Ronald Steel (1931-2023) was an historian who remained steadfastly critical of U.S. postwar and Cold War policy, and wrote prolifically in essays and books. In its obituary, Steel was described by The New York Times as “a bookish, small-town boy from Illinois who became a soldier, wanderer, translator, diplomat, journalist, author and professor.” He graduated from Northwestern University in 1953 with a B.A. in political science and English and earned a master’s degree in political economy from Harvard in 1955. He was drafted by the Army and when it became apparent that he was fluent in French, he was posted to a general’s staff in Paris.
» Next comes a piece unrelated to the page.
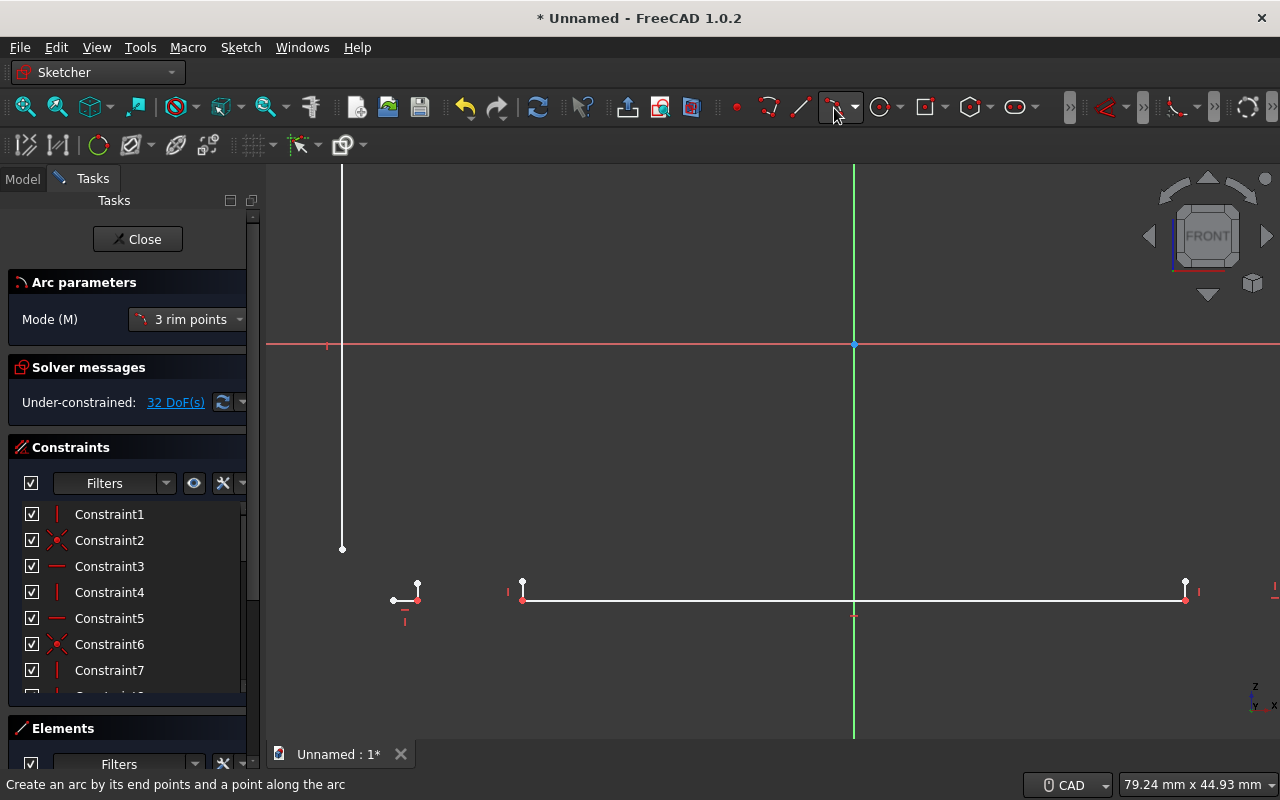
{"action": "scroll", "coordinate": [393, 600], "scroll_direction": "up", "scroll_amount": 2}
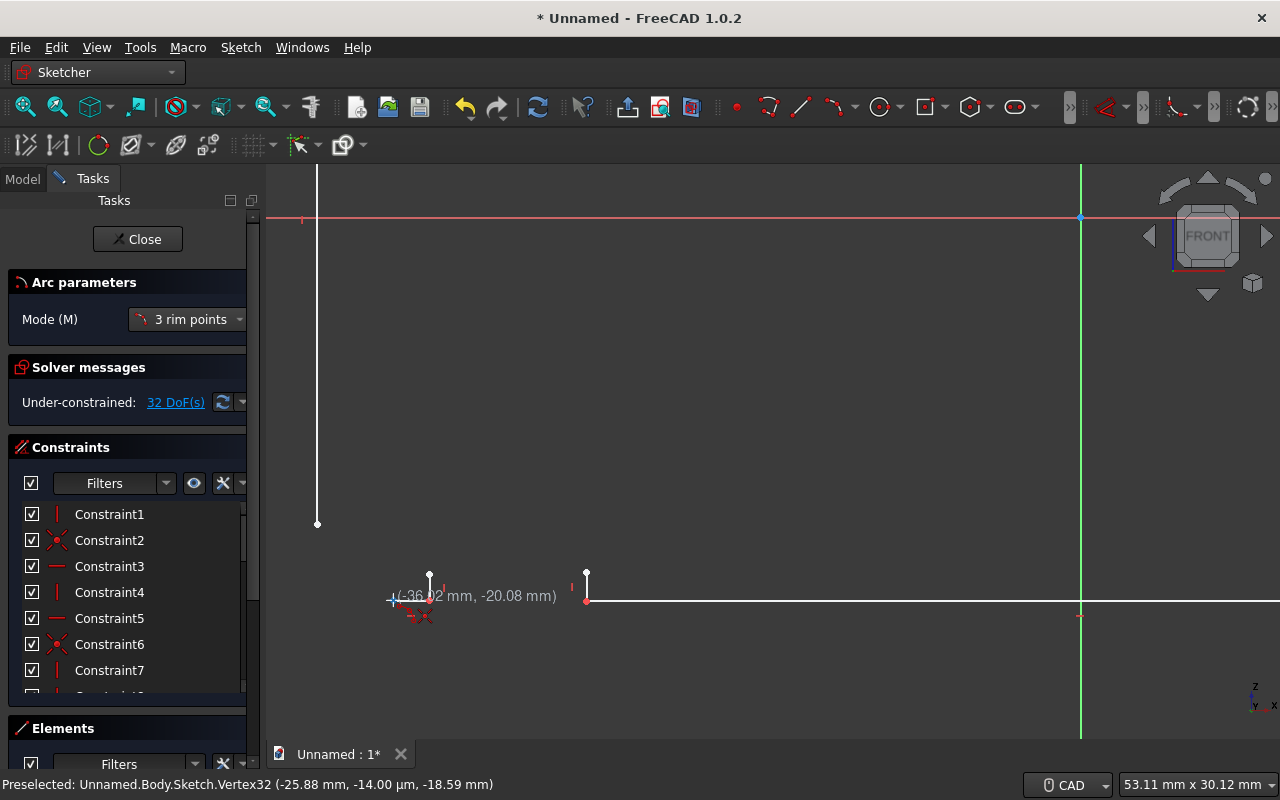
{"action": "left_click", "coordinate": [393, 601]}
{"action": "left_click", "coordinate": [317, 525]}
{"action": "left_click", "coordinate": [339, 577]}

After his discharge, he joined the Foreign Service and was a vice consul in Hamburg in 1957-58. Upon his return to the U.S., he settled in New York and became the editor of Scholastic Magazines from 1959 to 1962.
Steel started work on his best-known book, Walter Lippmann and the American Century, in the early 1970s. He worked on the biography while at MacDowell as well as made final edits for Imperialists and Other Heroes: A Chronicle of the American Empire. His biography of journalist Lippmann took nearly a decade, a task complicated, he said, by the subject’s reluctance to reveal “personal” aspects of his life.
One of the most discussed political biographies of its time and a best seller, the Lippmann biography won the National Book Critics Circle Award for general nonfiction, Columbia University’s Bancroft Prize and The Los Angeles Times Book Prize for History, and was a finalist for the National Book Award and the 1981.
Steel was a professor emeritus of international relations, history, and journalism at the University of Southern California. Before teaching at USC, he taught at Yale University, Rutgers University, Wellesley College, Dartmouth College, George Washington University, UCLA, and Princeton University. Later, Steel wrote for The New Republic in the 1980s. He has also written for the Atlantic, The New York Times, and The New York Review of Books.